SEXTO.- La consecuencia de todo ello es la estimación del recurso de apelación y la consiguiente revocación de la resolución apelada, para, en su lugar, desestimar la demanda interpuesta por don Clemente , pronunciamiento que conlleva en materia de costas procesales, las siguientes consecuencias: a) la revocación del pronunciamiento que sobre las costas procesales causadas en la primera instancia se contiene en la sentencia apelada, pues, al amparo del artículo 394.1 LEC , deberán ser impuestas a la parte actora; y, b) al amparo del artículo 398.2 LEC , no procede condenar a ninguna de las partes litigantes al pago de las costas procesales causadas en esta alzada.
Asimismo y de conformidad con los dispuesto en la Disposición Adicional Decimoquinta de la Ley Orgánica del Poder Judicial introducida por la LO 1/2009 de 3 de noviembre, en su apartado 8, se decreta la devolución a la parte apelante del depósito constituido para recurrir.
Fallo
1º) SE ESTIMA EL RECURSO DE APELACION interpuesto por la entidad 'RESTAURACIONS JOSAMAR SL', representada en esta alzada por la procuradora Sra. Iniesta, contra la sentencia de 12 de enero de 2012 , dictada por la Ilma. Sra. Magistrada Juez del Juzgado de Primera Instancia nº 5 de Palma de Mallorca, en el procedimiento de juicio ordinario del que trae causa la presente alzada, y, en consecuencia, DEBEMOS REVOCAR Y REVOCAMOS dicha resolución, y, en su lugar:
SE DESESTIMA la demanda interpuesta por don Clemente , representado por la procuradora Sra. Juliá, contra la entidad 'RESTAURACIONS JOSAMAR SL, representada por la procuradora Sra. Iniesta, absolviendo a dicha demandada de las pretensiones deducidas en su contra, imponiendo a la parte actora las costas procesales causadas.

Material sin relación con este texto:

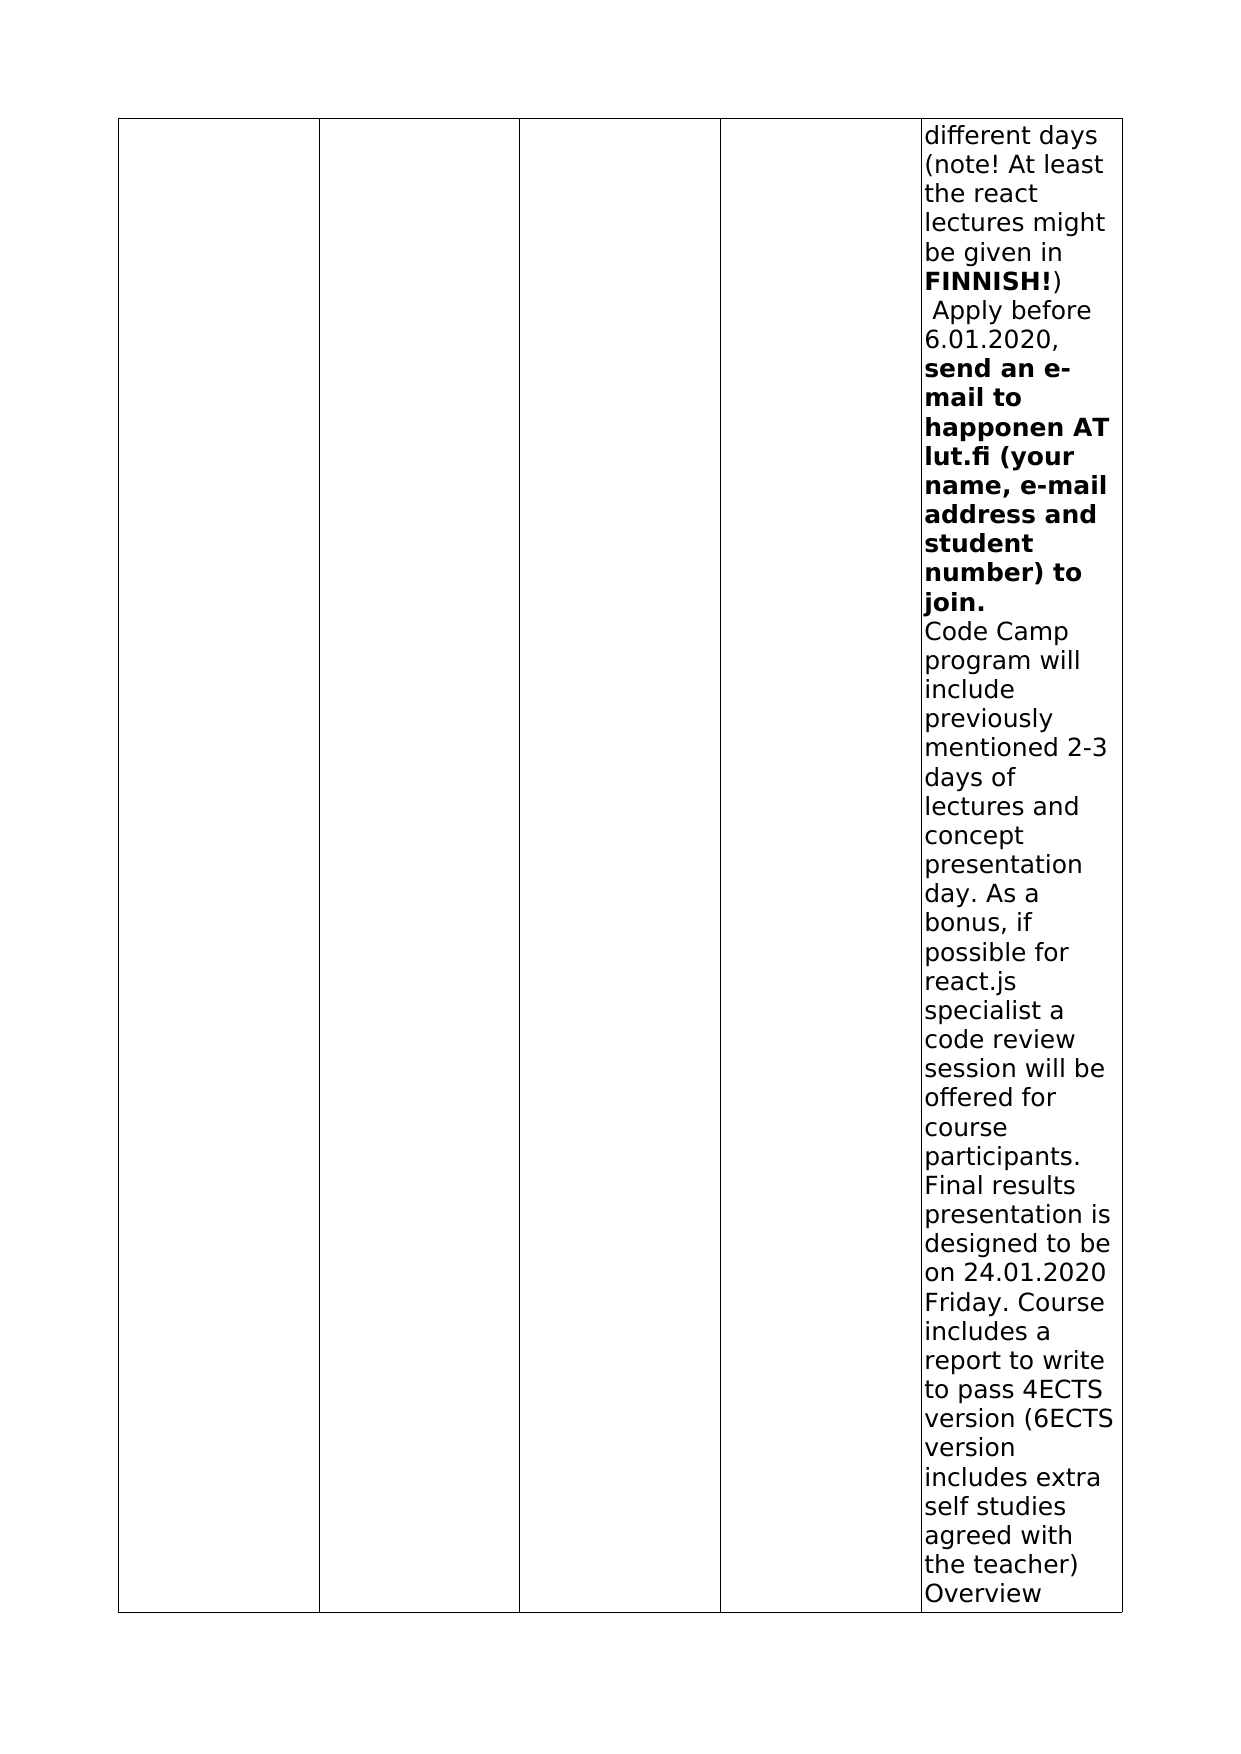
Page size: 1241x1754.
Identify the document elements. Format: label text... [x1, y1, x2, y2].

table_header [520, 119, 720, 1612]
table_header [320, 119, 519, 1612]
table_header [119, 119, 319, 1612]
table_header [721, 119, 921, 1612]
table_header different days (note! At least the react lectures might be given in FINNISH!) Apply before 6.01.2020, send an e-mail to happonen AT lut.fi (your name, e-mail address and student number) to join. Code Camp program will include previously mentioned 2-3 days of lectures and concept presentation day. As a bonus, if possible for react.js specialist a code review session will be offered for course participants. Final results presentation is designed to be on 24.01.2020 Friday. Course includes a report to write to pass 4ECTS version (6ECTS version includes extra self studies agreed with the teacher) Overview [922, 119, 1122, 1612]
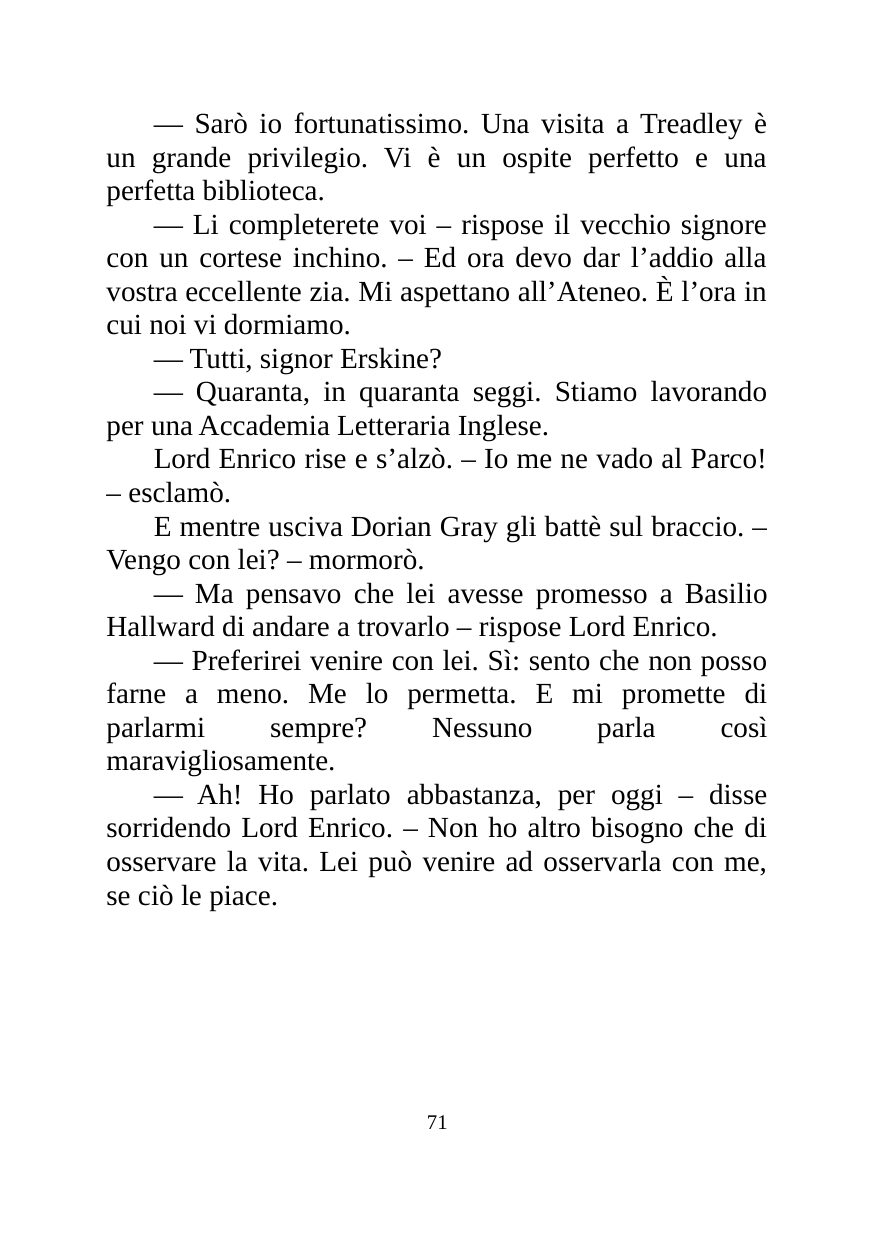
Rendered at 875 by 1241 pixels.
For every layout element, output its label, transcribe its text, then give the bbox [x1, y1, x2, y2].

text Lord Enrico rise e s’alzò. – Io me ne vado al Parco! – esclamò. [106, 442, 768, 509]
text — Tutti, signor Erskine? [106, 341, 768, 374]
text — Ma pensavo che lei avesse promesso a Basilio Hallward di andare a trovarlo – rispose Lord Enrico. [106, 576, 768, 643]
text E mentre usciva Dorian Gray gli battè sul braccio. – Vengo con lei? – mormorò. [106, 509, 768, 576]
text — Preferirei venire con lei. Sì: sento che non posso farne a meno. Me lo permetta. E mi promette di parlarmi sempre? Nessuno parla così maravigliosamente. [106, 643, 768, 777]
text — Quaranta, in quaranta seggi. Stiamo lavorando per una Accademia Letteraria Inglese. [106, 374, 768, 442]
text — Ah! Ho parlato abbastanza, per oggi – disse sorridendo Lord Enrico. – Non ho altro bisogno che di osservare la vita. Lei può venire ad osservarla con me, se ciò le piace. [106, 777, 768, 911]
text — Sarò io fortunatissimo. Una visita a Treadley è un grande privilegio. Vi è un ospite perfetto e una perfetta biblioteca. [106, 106, 768, 207]
text — Li completerete voi – rispose il vecchio signore con un cortese inchino. – Ed ora devo dar l’addio alla vostra eccellente zia. Mi aspettano all’Ateneo. È l’ora in cui noi vi dormiamo. [106, 207, 768, 341]
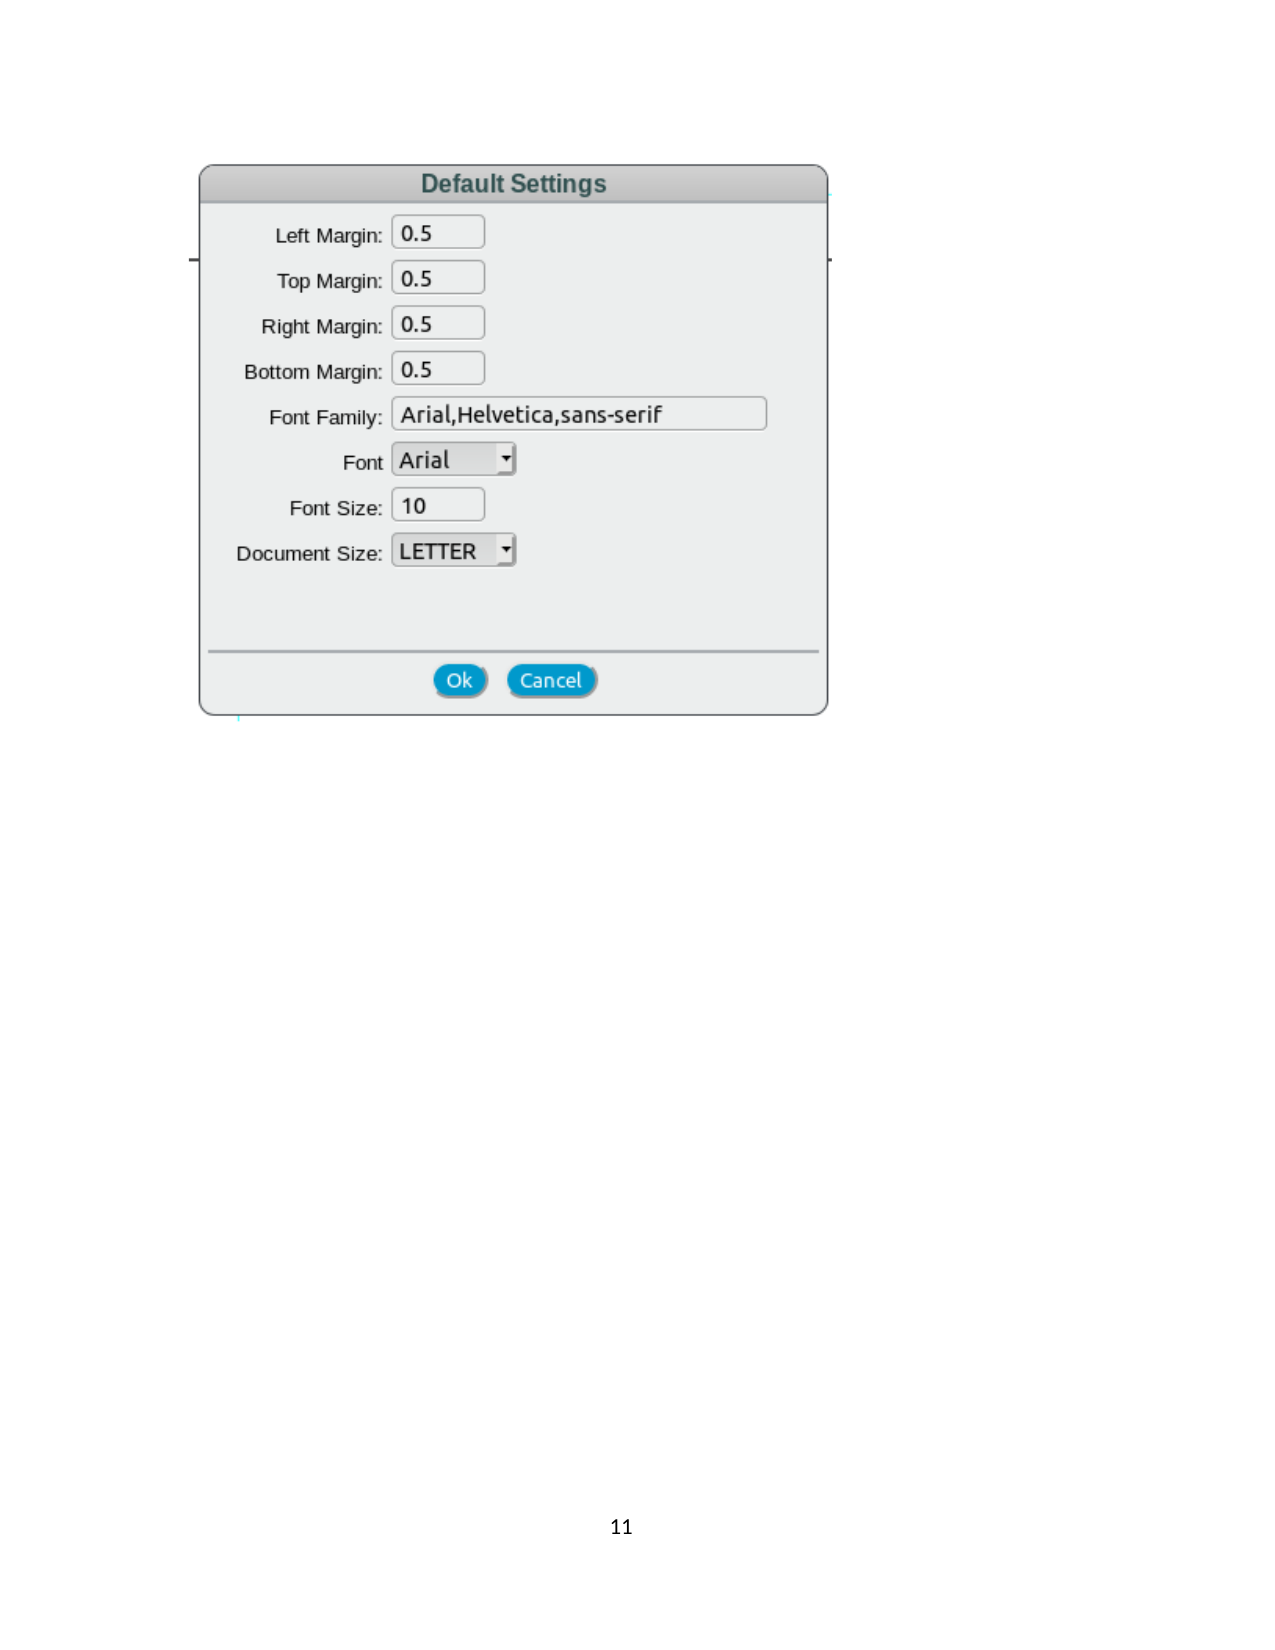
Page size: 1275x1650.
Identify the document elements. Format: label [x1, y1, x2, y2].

picture [188, 152, 849, 721]
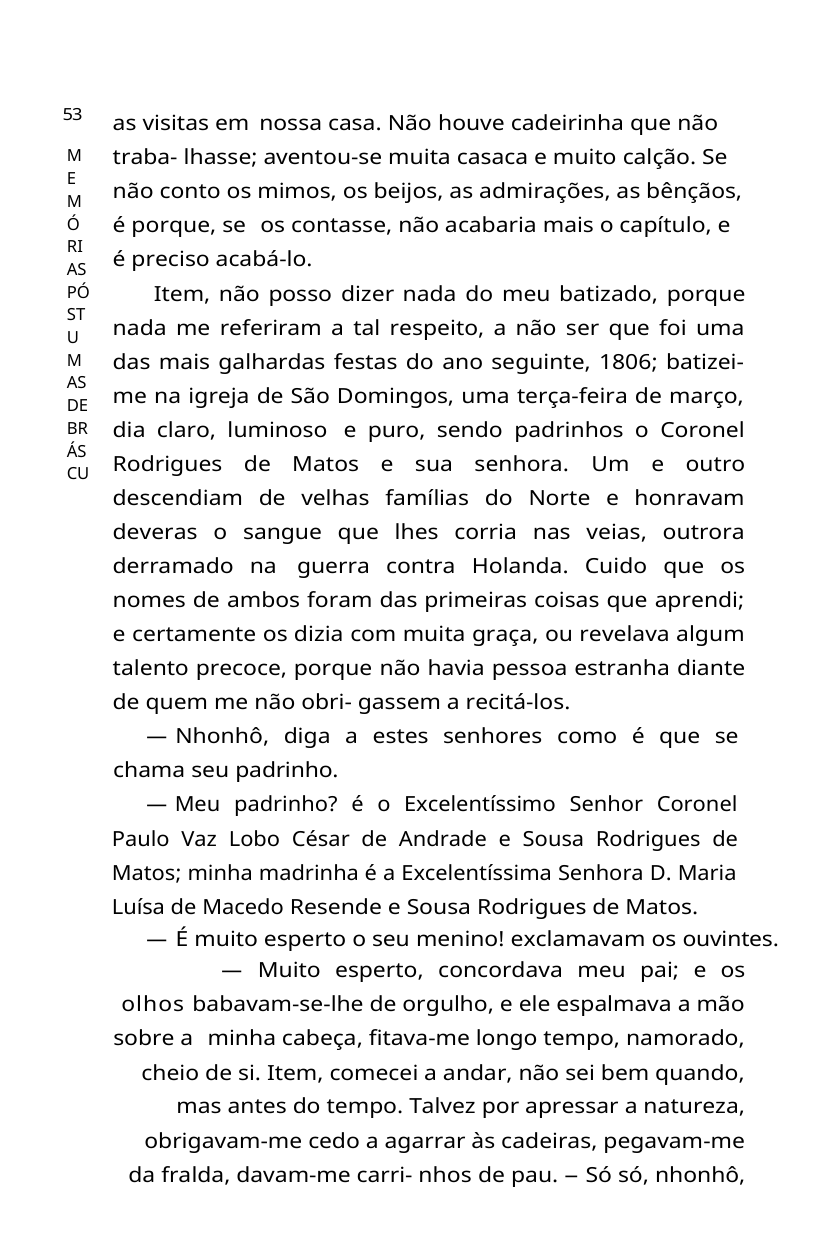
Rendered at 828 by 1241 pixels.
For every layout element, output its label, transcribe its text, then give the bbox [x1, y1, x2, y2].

2º) Sin expresa imposición de las costas procesales causadas en esta alzada a ninguna de las partes litigantes.
3º) Se decreta la devolución a la parte apelante del depósito constituido para recurrir.
Así, por esta nuestra sentencia, definitivamente juzgando en esta alzada, lo pronunciamos, mandamos y firmamos.
PUBLICACION.- Dada y pronunciada fue la anterior Sentencia por los Ilmos. Sres. Magistrados que la firman y leída por el Ilmo. Magistrado Ponente en el mismo día de su fecha, de lo que yo la Secretario certifico.